Tuesday, December 29, 2009

Ghost of Kitchen Past, Ghost of Kitchen Present

What the kitchen currently looks like. The upper cabinets are a nightmare because they are too high off the ground. See the corner cabinet? The one to the right of where the glasses are? The bottom of that cabinet is five feet, ten inches (178cm) off the ground. Sure, I can reach the bottom shelf, but I can't reach anything above that. Where the mugs are? That used to be drawers. Drawers so high off the ground that you couldn't see inside them unless you were standing on something. If the kitchen were more to my taste and built out of quality materials, I would have considered lowering the cabinets and being done with it. But the kitchen is driving me crazy after living with it since the fall of 2003.



Do you dare me to take off one of the awful floor tiles to see what is underneath? Once a tile is removed, it will never stick back down properly, so this is a commitment. Unless I can go to the hardware store and buy a replacement. Which will not match, as the current tiles have yellowed from the sun. Oh, and I cheated: I looked up from the basement. Part plywood, part hardwood. Well, softwood. I have softwood floors through most of the house (hardwood in the livingroom and diningroom, softwood in the hall, den, and bedrooms).
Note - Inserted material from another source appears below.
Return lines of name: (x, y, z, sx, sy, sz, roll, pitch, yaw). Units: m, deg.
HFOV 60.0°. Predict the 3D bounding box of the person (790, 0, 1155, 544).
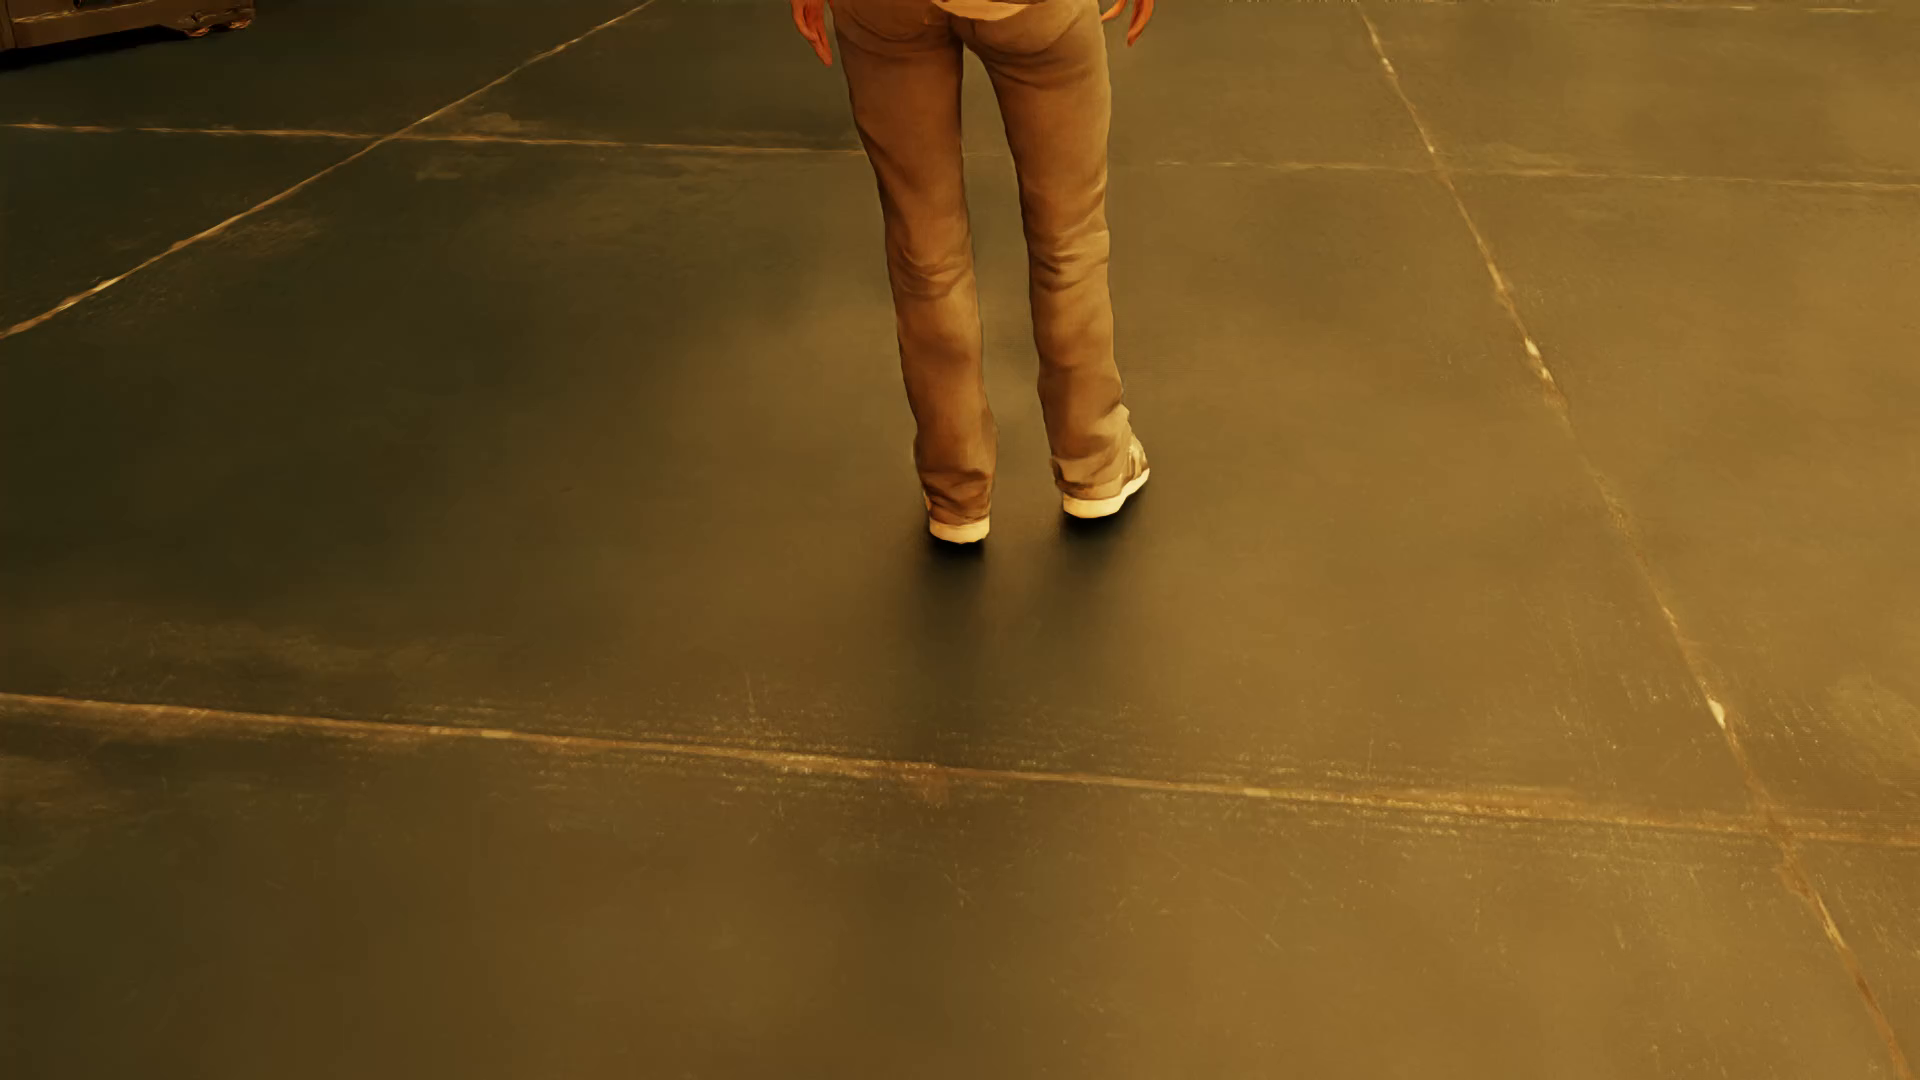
person: (0.024, -0.753, 2.205, 0.521, 1.597, 0.474, 3, 27, 7)

Do you wonder what the kitchen might have looked like in the past? Here is a pale yellow, beadboard cabinet with fancy hardware and some sort of metal-covered countertop. The metal looks like it may be of newer vintage than the cabinet and countertop. This cabinet lives in the basement. Why is it so out of square? Or rather, why is it even more out of square than the rest of my house (some of the windows are trapezoids)?

And in the garage is also a run of pale yellow cabinets. Different hardware than the basement cabinet. Some sort of funky plastic-type counter. At the left is some sort of corner cabinet -- the left-most part doesn't have a door, and the door in the panel just in from the left has an aftermarket modification to let it open with something next to it. This is the "bad bike," so it lives in the garage. The good bike lives inside. When it isn't so cold out, I can spend some more time in the garage and go into that yellow cabinet and bring out the vintage light fixtures stored within.